I nuovi criteri di selezione del colosso francese Kering
Kering, il gruppo francese del lusso, colosso da 13,6 miliardi di fatturato nel 2018 e di oltre 63 di capitalizzazione in Borsa, e che nel portafoglio moda vanta marchi come Gucci, Saint Laurent, Bottega Veneta, Balenciaga e Alexander McQueen, imprime una svolta non da poco a tutto il pianeta del fashion scegliendo solo indossatrici e indossatori maggiorenni e annunciando che a partire dal 2020 (quindi dalle sfilate autunno-inverno 2020/2021) farà in modo di non utilizzare più ragazzi e ragazze al di sotto dei 18 anni in passerella e negli shooting fotografici.
«La carta sui rapporti di lavoro e benessere dei modelli elaborati da Kering e Lvmh nel 2017 ha già portato a progressi nel settore del lusso, in particolare introducendo un'età minima di 16 anni per i modelli. Questo nuovo passo segna ulteriori progressi nel continuo impegno di Kering verso le donne», spiega il gruppo. «Come gruppo di lusso globale, siamo consapevoli dell'influenza esercitata sulle giovani generazioni, in particolare dalle immagini prodotte dalle nostre case. Crediamo di avere la responsabilità di proporre le migliori pratiche possibili nel settore del lusso e speriamo di creare un movimento che incoraggi gli altri a seguire l'esempio», ha spiegato François-Henri Pinault, presidente e ad di Kering.

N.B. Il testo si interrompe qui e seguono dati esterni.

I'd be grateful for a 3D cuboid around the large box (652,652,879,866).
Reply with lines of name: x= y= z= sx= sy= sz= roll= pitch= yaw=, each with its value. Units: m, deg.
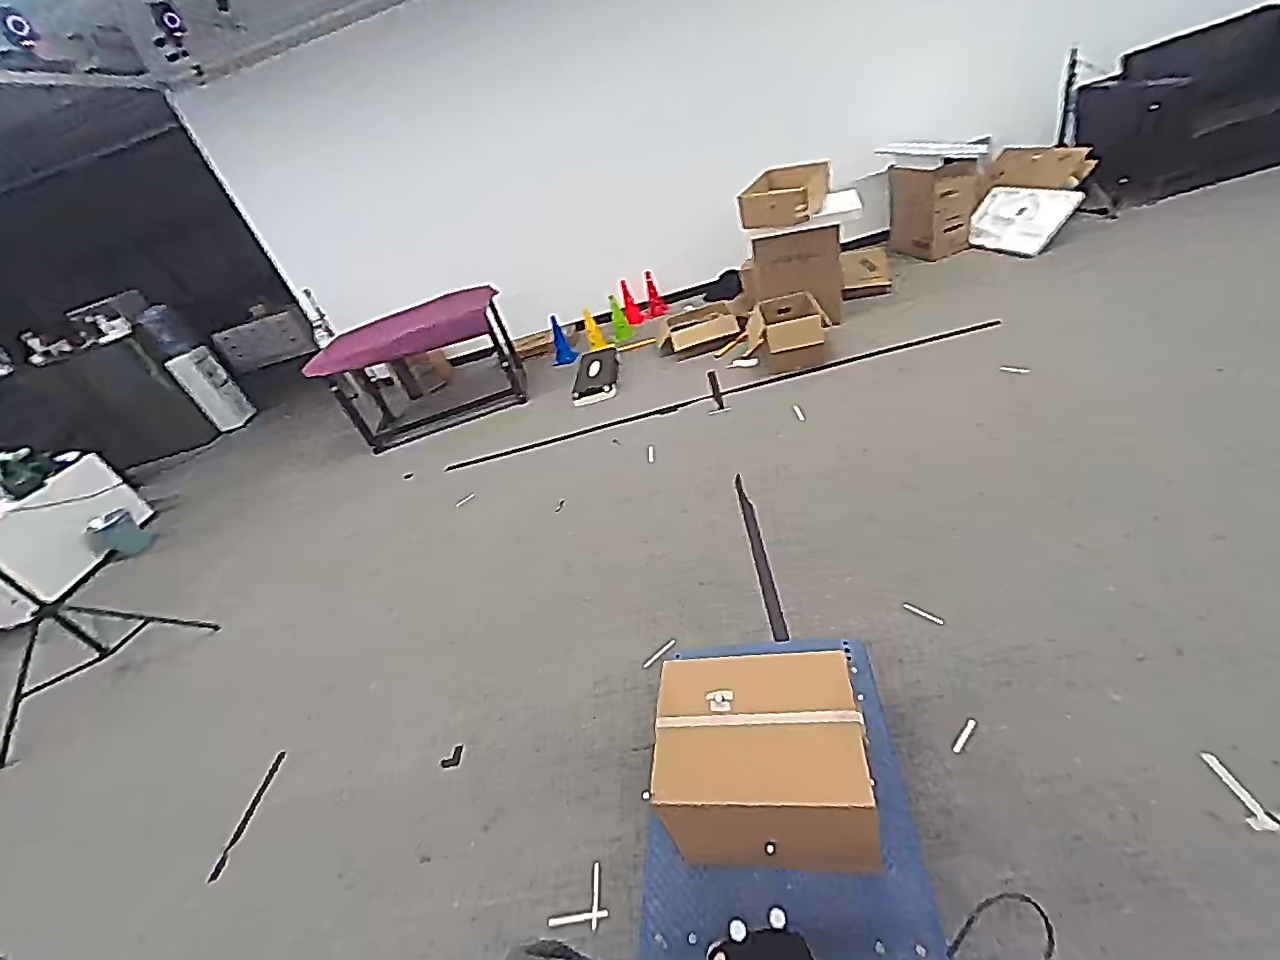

Marie-Claire Daveu, che guida la sostenibilità del gruppo, ha sottolineato che nella visione di Kering «la maturità fisiologica e psicologica dei modelli di età superiore a 18 anni sembra più appropriata al ritmo e alle richieste che sono coinvolte in questa professione. Siamo anche consapevoli del modello che le immagini prodotte dalle nostre maison possono rappresentare per certi gruppi di persone».
Due anni fa Pinault e Bernard Arnault, patron di Lvmh, avevano redatto insieme la Carta dedicata ai rapporti lavorativi e al benessere di modelle e modelli, che introduceva l'età minima di 16 anni per salire in pedana e altri criteri di selezione, tra cui il possesso da parte dei giovanissimi lavoratori di un certificato medico di buona salute, rilasciato da non più di sei mesi, l'eliminazione della taglia 32 per le donne e della 34 per gli uomini nei casting, la possibilità di usufruire di uno spazio riservato per cambiarsi e l'accesso a piani nutrizionali adatti alle loro necessità alimentari.